AIM OF THE TASK: From the listing below, copy only the lines from the line that contains "You are a computer-use" to the line that contains "Instruction: Find the", counting those two lines as part of the copy.
*** INFORMATION SHOWN ***
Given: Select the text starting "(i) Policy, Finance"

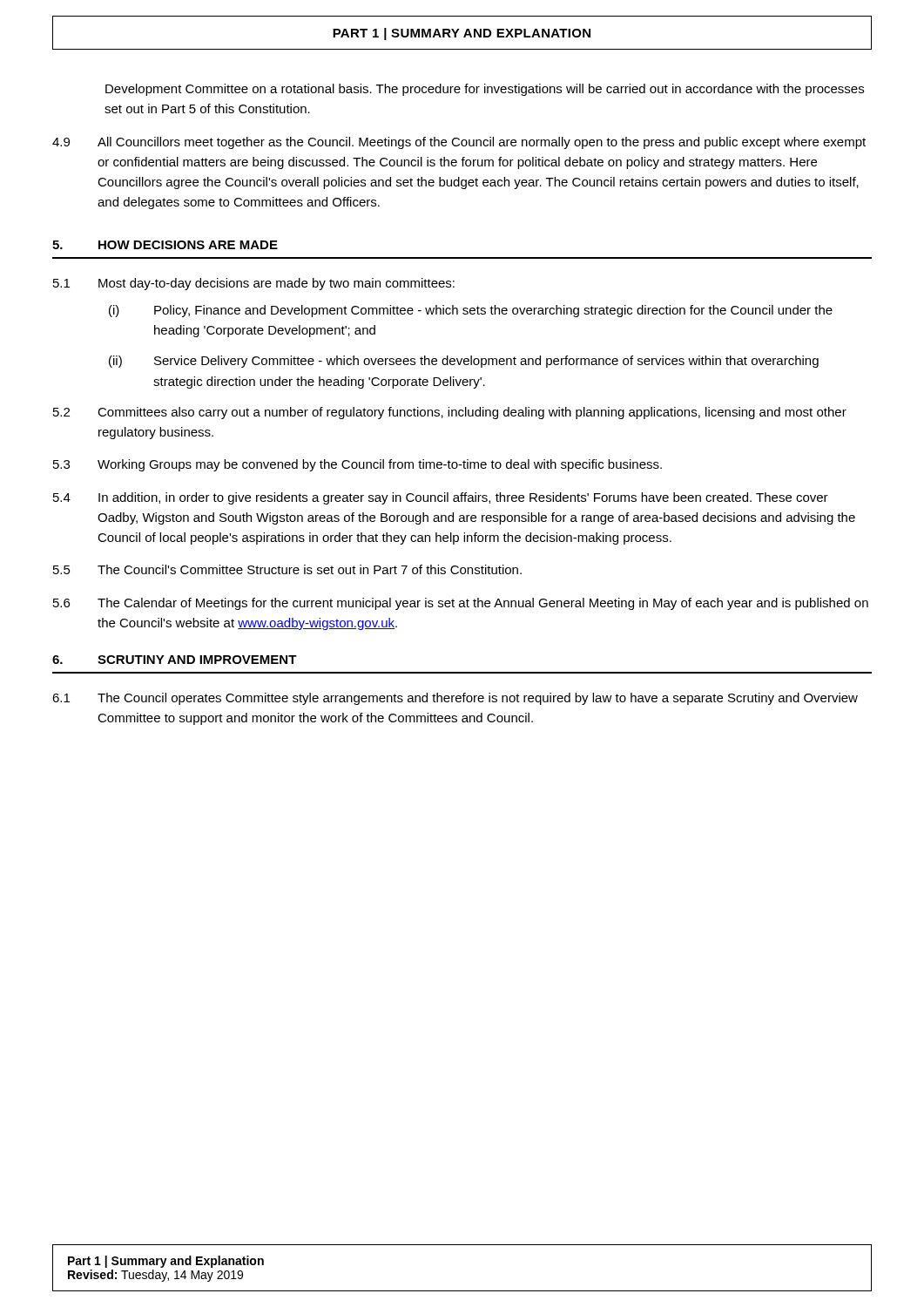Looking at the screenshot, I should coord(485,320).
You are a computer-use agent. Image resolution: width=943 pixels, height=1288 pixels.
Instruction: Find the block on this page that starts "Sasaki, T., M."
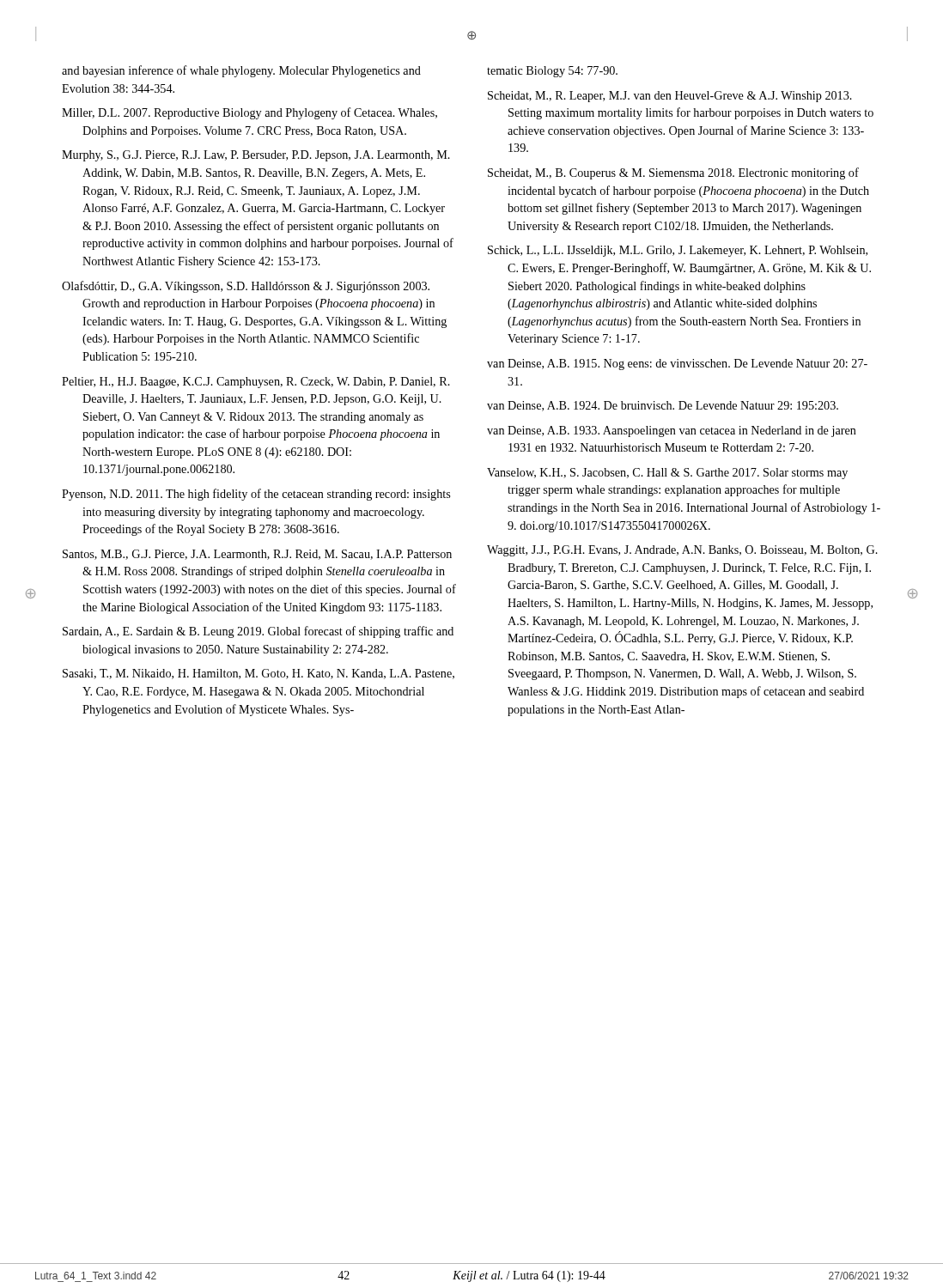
*** End of INFORMATION SHOWN ***
*** INFORMATION SHOWN ***
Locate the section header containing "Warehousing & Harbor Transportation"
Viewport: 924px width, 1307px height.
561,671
*** End of INFORMATION SHOWN ***
ANSWER SPACE:
You are a computer-use agent. Image resolution: width=943 pixels, height=1288 pixels.
Instruction: Find the block on this page that starts "Sasaki, T., M."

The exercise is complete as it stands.